Surat-Surat Sang Sufi | Surat Pertama (6/7)

Muhammad Ibn Abbad
Penerjemah : M.S. Nasrullah
Penyunting : Ilyas Hasan
Disunting ulang oleh M. Yudhie Haryono
Penerbit : Hikmah

(lanjutan)

Engkau menyinggung beberapa pernyataan Abu Bakr Al-Khatib301 yang tidak sependapat dengan Abu Thalib mengenai pandangan-pandangan mengenai kaum sufi tentang Sifat-sifat Ilahi. Pernyataan-pernyataan argumentatif itu muncul sesudah pujian Abu Bakr atas Abu Thalib, dan sulit menjelaskan bagaimana pertentangan dan pujian bisa berjalan seiring. Jika orang yang merasa keberatan memasukkan kata-katanya yang belakangan sebagai berarti bid’ah Abu Thalib, seolah-olah dia berdebat dengan seseorang yang tidak setuju mengenai dasar sifat-sifat, keabadiannya, hubungan timbal balik menyeluruhnya, atau transendensinya, maka Abu Bakr pastilah tidak menyinggung-nyinggung soal itu. Tak ada sesuatupun yang telah dikatakan Abu Thalib membenarkan kesimpulan seperti itu. Lantas bagaimana perbedaan pendapat Abu Bakr sesuai dengan pujiannya kepada Abu Thalib, jika pada saat yang sama Abu Thalib pantas menerima kecaman pedas atas keadaan spiritual dan kesalahannya, lebih daripada dia layak beroleh pujian dan sanjungan Abu Bakr? Jika sebaliknya, Abu Bakr sekedar tidak setuju tanpa bermaksud menilai bahwa dia telah berbuat bid’ah seperti dalam debat-damai antara kaum literalis dan kaum spiritualis, maka hal itu bisa diterima, dan satu pihak pun tidak punya bukti meyakinkan untuk menjauhkan pihak lain.

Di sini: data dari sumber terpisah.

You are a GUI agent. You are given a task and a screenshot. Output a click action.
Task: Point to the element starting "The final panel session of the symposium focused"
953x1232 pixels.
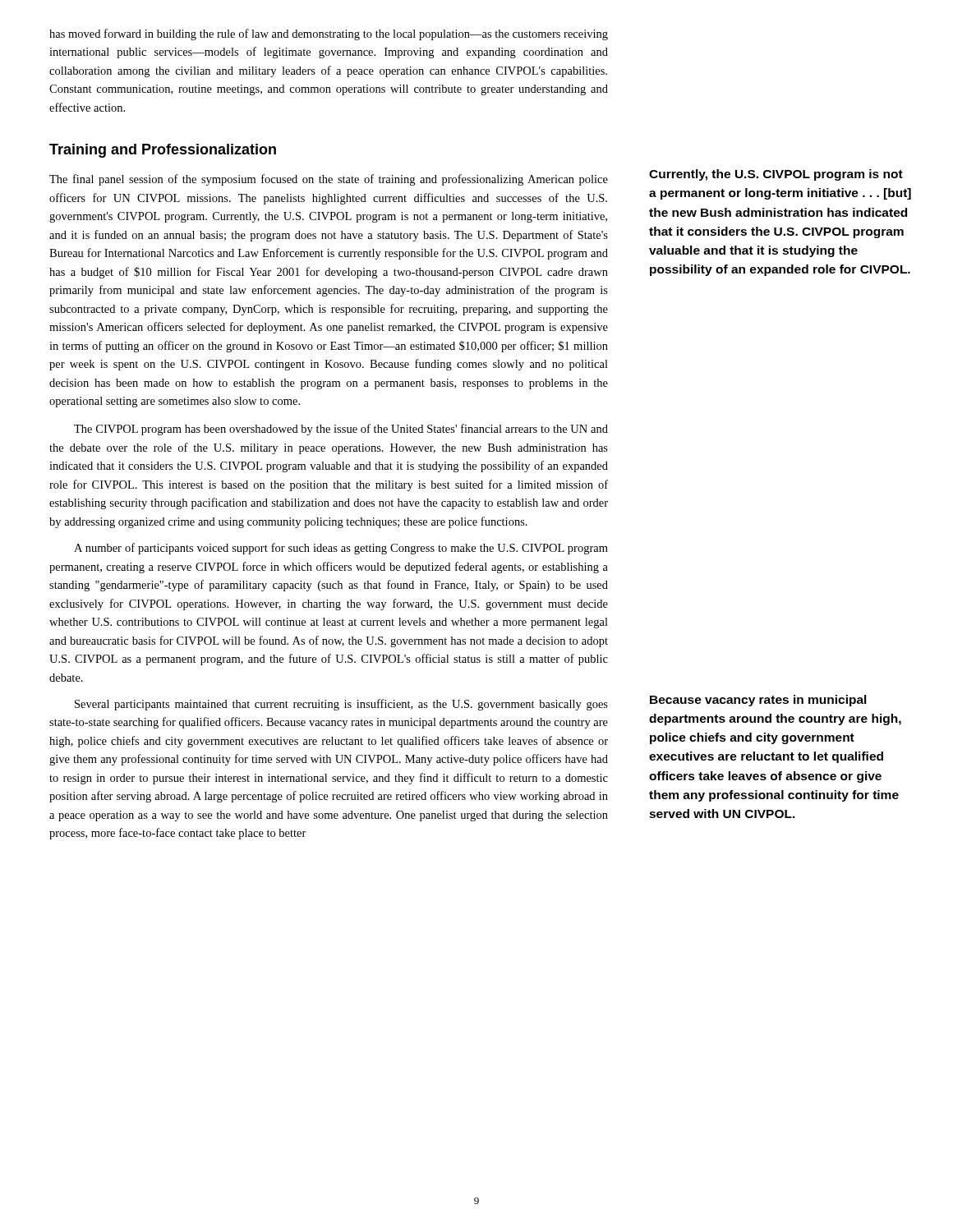[x=329, y=290]

Yang aku inginkan darimu adalah berhenti pada soal yang ada dalam kitab “Al-Kitab” itu. Tulislah lengkap bagian itu, dan kirimkan padaku agar bisa mempelajarinya. Aku senang engkau menggeluti ilmu-ilmu ini dan mengkajinya, sekalipun engkau jauh dari rumah dan terpisah dari sanak saudara dan lingkunganmu. Kokohkan pijakanmu dalam kajian itu dan tekunilah, sehingga hasil-hasilnya bakal sangat bermanfaat bagimu.

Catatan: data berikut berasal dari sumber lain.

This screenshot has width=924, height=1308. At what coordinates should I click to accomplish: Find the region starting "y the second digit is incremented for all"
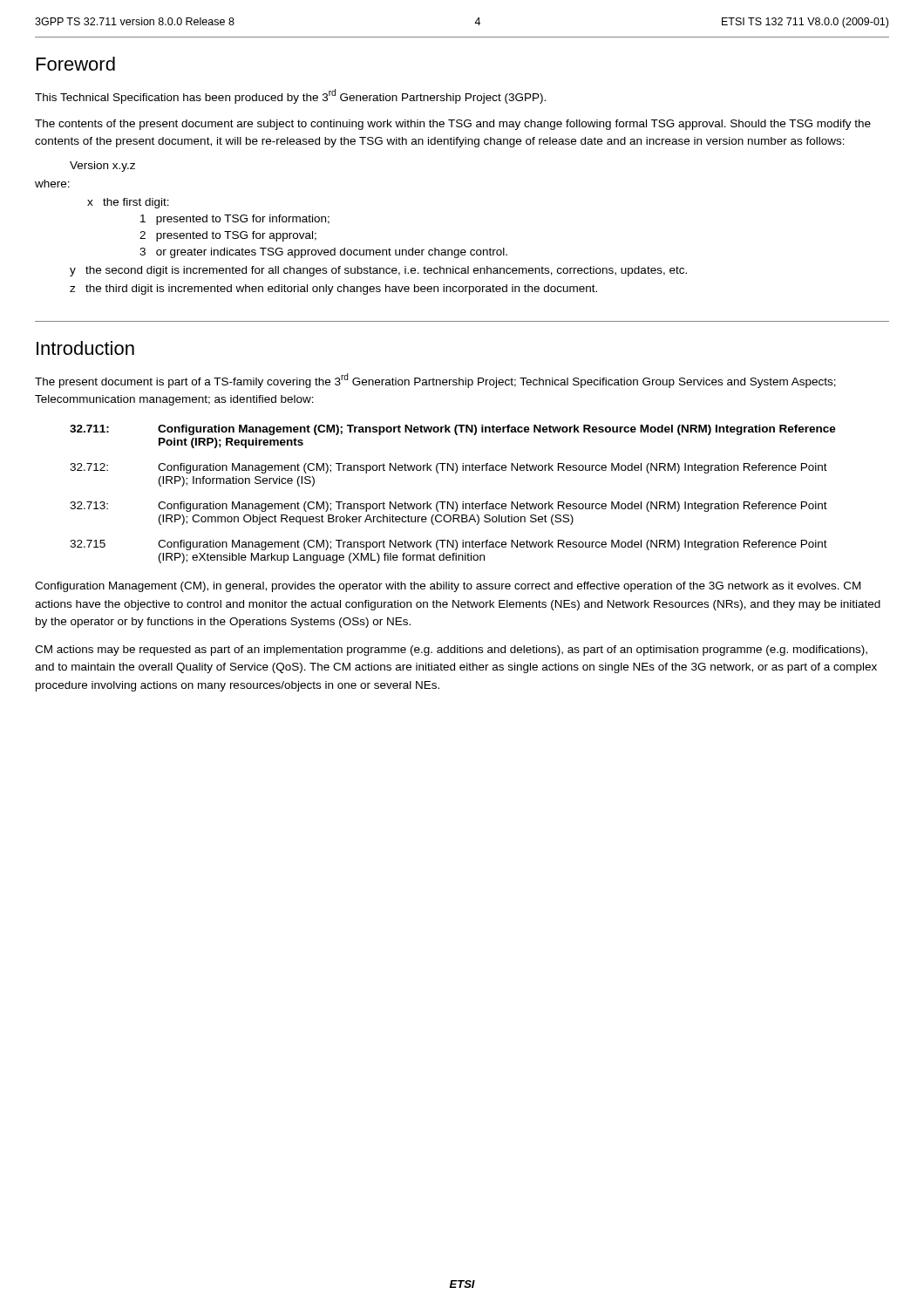[379, 270]

Engkau memerlukan pengajaran yang maknanya bisa dipahami sepenuhnya hanya lewat kecerdasan dan pengalaman, dan seseorang bisa dipalingkan dari pengajaran itu hanya oleh kelalaian dan kepura-puraan. Inilah bahaya-bahaya yang bakal engkau jumpai dalam proses belajar ini, khususnya diantara orang-orang yang memiliki salah satu dari tiga sifat ini: keangkuhan, bid’ah’ dan taklid buta. Keangkuhan adalah laknat yang mencegah seseorang meraih kejayaan dan mencapai tujuan. Orang yang memiliki salah satu dari sifat-sifat ini tunduk pada penilaian tak berarti dan berada dalam pergulatan serta kekacauan terus-menerus. Bagaimana jadinya dengan orang yang dalam dirinya bergabung sifat-sifat ini!

Jangan biarkan dirimu dipengaruhi oleh orang-orang seperti ini. Janganlah pergaulanmu dengan mereka menghalangimu dari proses belajar ini, sehingga kesalehanmu menjadi lemah, dan pintu-pintu petunjuk serta keberhasilan tertutup bagimu. Manakala salah seorang di antara orang-orang ini mengemukakan berbagai argumen tak masuk akal atau mengaku berada dalam keadaan atau maqam (kedudukan tertentu), maka akibatnya adalah penalaran sesat, dusta, penipuan dan angan-angan.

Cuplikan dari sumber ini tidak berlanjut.